■ **PROBLEM DETAILS**
Nothing but the pictures should be dropped when the records are transcribed word for word.
----
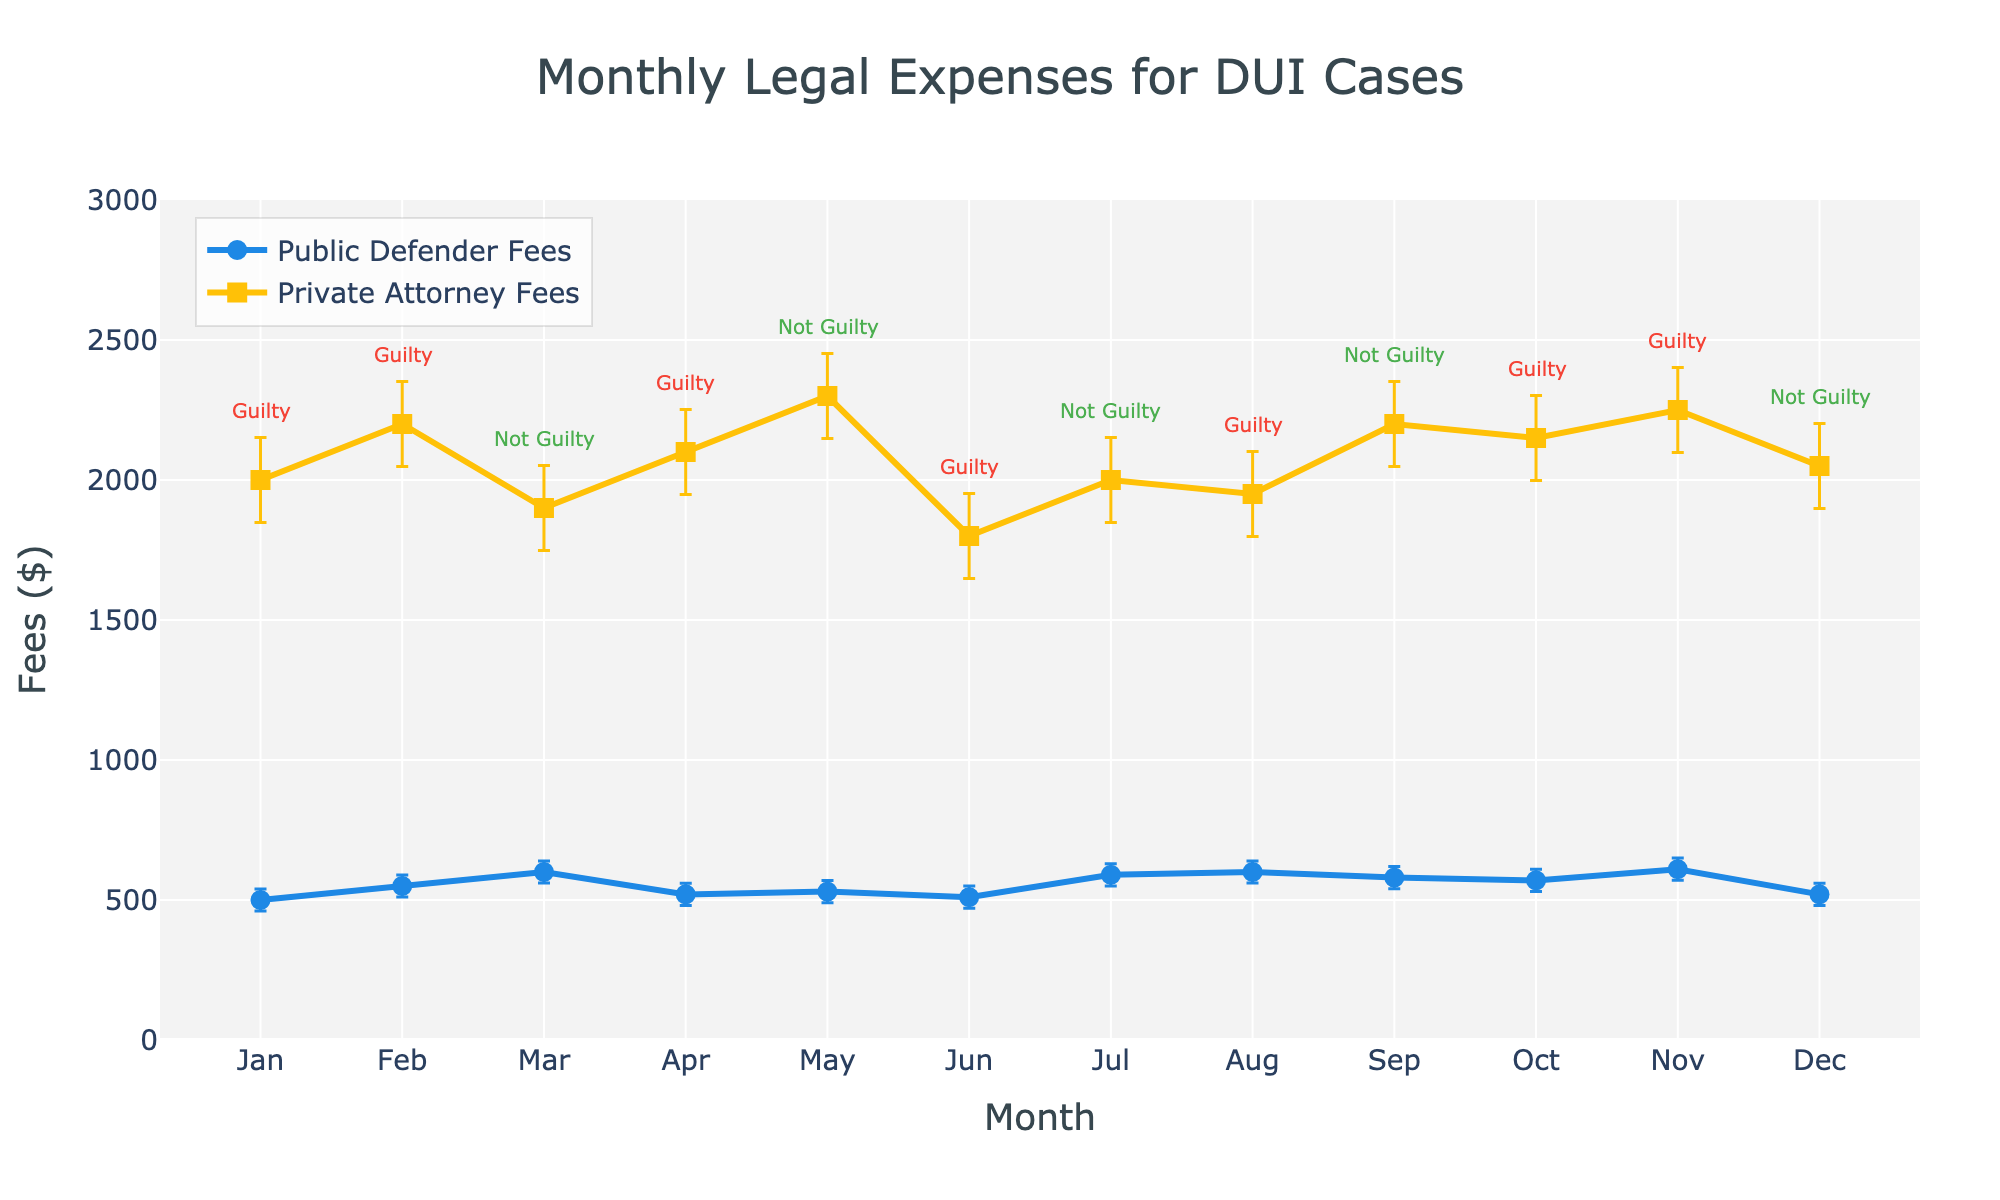How many months are depicted in the plot? The x-axis shows the months, and each point on the plot represents a month. Counting these points gives us the total number of months.
Answer: 12 What are the average fees for a public defender and a private attorney? To find the average fees, sum the monthly fees for each and divide by the number of months (12). For public defender fees: (500+550+600+520+530+510+590+600+580+570+610+520)/12 = 554.17. For private attorney fees: (2000+2200+1900+2100+2300+1800+2000+1950+2200+2150+2250+2050)/12 = 2062.50.
Answer: 554.17, 2062.50 In which month are the public defender fees the highest? By looking at the y-values of the public defender fees (blue line with circle markers), identify the highest point and check its corresponding month on the x-axis. This maximum fee is 610 and occurs in November.
Answer: November Are there any months where the case outcome is 'Not Guilty' and the private attorney fees are above 2000? Check the annotations for 'Not Guilty' and compare their corresponding private attorney fees. This occurs in May and September.
Answer: May and September How does the standard deviation for public defender fees compare to that for private attorney fees? The standard deviation, which is visually represented by the error bars, is constant. The length of the error bars indicates that the standard deviation for private attorney fees is higher compared to public defender fees.
Answer: Higher for private attorney fees During which months do the public defender fees increase sequentially? Observing the blue line with circle markers, identify any sequential increases. The fees increase from January to March.
Answer: January to March Compare the fees and case outcomes for January and July. In January, public defender fees are 500, private attorney fees are 2000, and the outcome is 'Guilty'. In July, public defender fees are 590, private attorney fees are 2000, and the outcome is 'Not Guilty'.
Answer: January: 500, 2000, Guilty; July: 590, 2000, Not Guilty What is the general trend in private attorney fees over the year? Observe the yellow line with square markers. It starts high, drops and fluctuates, but generally stays around a similar level without a clear upward or downward trend.
Answer: No clear trend, fluctuates around a similar level How many times do the public defender and private attorney fees cross each other? Look for points where the blue and yellow lines intersect. Count these intersection points. In this case, they intersect once, in March.
Answer: Once
----
■ **RESULT OF THE EXERCISE**
How many months are depicted in the plot? The x-axis shows the months, and each point on the plot represents a month. Counting these points gives us the total number of months.
Answer: 12 What are the average fees for a public defender and a private attorney? To find the average fees, sum the monthly fees for each and divide by the number of months (12). For public defender fees: (500+550+600+520+530+510+590+600+580+570+610+520)/12 = 554.17. For private attorney fees: (2000+2200+1900+2100+2300+1800+2000+1950+2200+2150+2250+2050)/12 = 2062.50.
Answer: 554.17, 2062.50 In which month are the public defender fees the highest? By looking at the y-values of the public defender fees (blue line with circle markers), identify the highest point and check its corresponding month on the x-axis. This maximum fee is 610 and occurs in November.
Answer: November Are there any months where the case outcome is 'Not Guilty' and the private attorney fees are above 2000? Check the annotations for 'Not Guilty' and compare their corresponding private attorney fees. This occurs in May and September.
Answer: May and September How does the standard deviation for public defender fees compare to that for private attorney fees? The standard deviation, which is visually represented by the error bars, is constant. The length of the error bars indicates that the standard deviation for private attorney fees is higher compared to public defender fees.
Answer: Higher for private attorney fees During which months do the public defender fees increase sequentially? Observing the blue line with circle markers, identify any sequential increases. The fees increase from January to March.
Answer: January to March Compare the fees and case outcomes for January and July. In January, public defender fees are 500, private attorney fees are 2000, and the outcome is 'Guilty'. In July, public defender fees are 590, private attorney fees are 2000, and the outcome is 'Not Guilty'.
Answer: January: 500, 2000, Guilty; July: 590, 2000, Not Guilty What is the general trend in private attorney fees over the year? Observe the yellow line with square markers. It starts high, drops and fluctuates, but generally stays around a similar level without a clear upward or downward trend.
Answer: No clear trend, fluctuates around a similar level How many times do the public defender and private attorney fees cross each other? Look for points where the blue and yellow lines intersect. Count these intersection points. In this case, they intersect once, in March.
Answer: Once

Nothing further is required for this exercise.